Thursday, January 14, 2021

Those Silver Bones

image from

 Those Silver Bones

“I don’t know what it is, but there is just something

extraordinary about the Kalakala.”--Steve Russell.

There once was an Art Deco ferry boat called the

Kalakala. It was launched in 1935 as a ray of hope

during the Depression. It was like a Buck Rogers

space ship churning her way through Puget Sound,

like a Flash Gordon mini-ocean liner, turning heads

for 25 years, like a king-sized turkey roaster with a 

double row of perfect round portholes marching along

each side, one on the car deck, and one for the 

passengers above. A huge flying bridge protruded

out over the bow, capturing a hammerhead profile,

with two tall bow doors opening to a slender bow,

pointed like a sea bird’s beak, like a great shiny sea-

going Indian war canoe--a majestic proud polished

Dali vessel. 

She was decommissioned in 1960. A Californian

bought it to make a restaurant and casino out of

it. It sailed down the coast on its own steam. That

dream failed, and it was bought, and towed to Kodiak

Island in Alaska where it became a rusty scrap heap.

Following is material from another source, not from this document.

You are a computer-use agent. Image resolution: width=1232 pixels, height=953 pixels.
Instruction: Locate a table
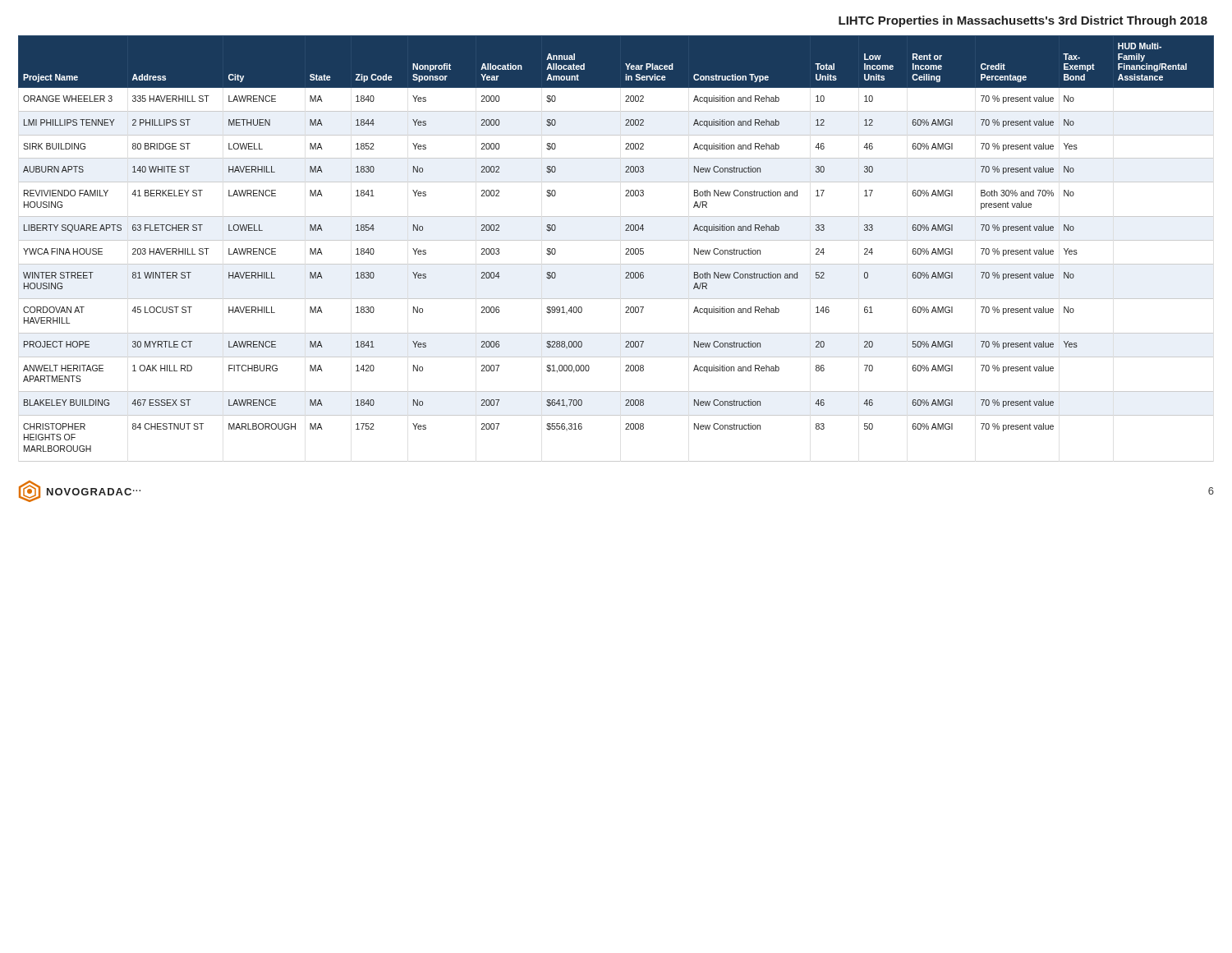tap(616, 248)

A guy in Seattle bought it, and docked it on the

south end of Lake Union, where it continued to 

deteriorate. In 2012 it was sold for one dollar to

a fellow in Tacoma who towed it to a dock in the

Waterway. After a year, it begin to list starboard,

sadly sinking. She became a hazard to other ships,

so they pumped her bilges and righted her.That’s 

when I met her.

 She was at an industrial dock, not open to the

public. I got permission to photograph it. She was

docked near an empty office trailer. There was a

weather-beaten sign that read--See the Kalakala;

soon to be restored. The sign was rotting, and was 

smeared with sea gull crap. 

There she was, the Silver Lady. She was aware of 

me as she preened and posed. Her bow doors were 

sprung open, an invite for gulls and crows. There were

two huge truck tires hanging starboard to protect her

from the dock. Her beautiful Native American name 

was covered up with plywood, her stainless steel 

railings were twisted and bent up along her upper deck, 

the flying bridge was pummeled with broken porthole 

glass, her car deck was greasy and splintered, her

stylish benches and tables were lop-sided, she was

pock-marked everywhere with rust holes and

barnacle blemishes, straining like an old athlete rising 

up on shaky timbers one more time, but too arthritic to 

take a bow during her final applause.

I captured images until I began to lose the light,

then just stood there for a while watching her patina

edges soften. I felt like I had experienced an

audience with exiled royalty.  

In ’58 I

saw her shining glorious

in Elliott Bay.

Glenn Buttkus

Posted over at d'Verse Poet's Pub MTB


JadeLi said...

She sounds like a real beauty, Glenn. I bet she loved feeling pretty again in the eye of your camera. We have a couple of big water vessels here that have been through their trials and tribulations as well (The SS Milwaukee Clipper, The LST 393, and the USS Silversides.)

calmkate said...

Great tribute to a most unusual vessel ... something like that could be a great floating gallery! Glad you saw her at both ends of her life

indybev said...

A fascinating read, Glenn. You made the grand lady become very proud and real to those of us reading your story. Sad to discover she's been dismantled, and bits and pieces of her sold and scattered all over the world. What stories she could tell.

Grace said...

This is a wonderful story Glenn. How interesting to see all of these in your words.

Ingrid said...

This was a sad but fascinating story of your 'Silver Lady' Glenn! I'm not sure how you managed to fit such history and emotion into the space of your poem, but you certainly did!

Kim M. Russell said...

I’d never heard of an Art Deco ferry boat called the Kalakala – and I love Art Deco – so this had me intrigued, Glenn. I love that she was launched ‘as a ray of hope during the Depression’ and enjoyed your description of her, especially as ‘a majestic proud polished Dali vessel’. I was pleased that she was made into a restaurant, but sad that she became a rusty scrap heap. But one man’s scrap heap is another man’s work of art and, thankfully, your photographer’s eye picked her out, ‘pock-marked everywhere with rust holes and barnacle blemishes’ and ‘too arthritic to take a bow during her final applause’, to make her beautiful again.

Kerfe said...

The fate of so many dreams...and yet the scraps still wait for the right soul to restore them.

Sanaa Rizvi said...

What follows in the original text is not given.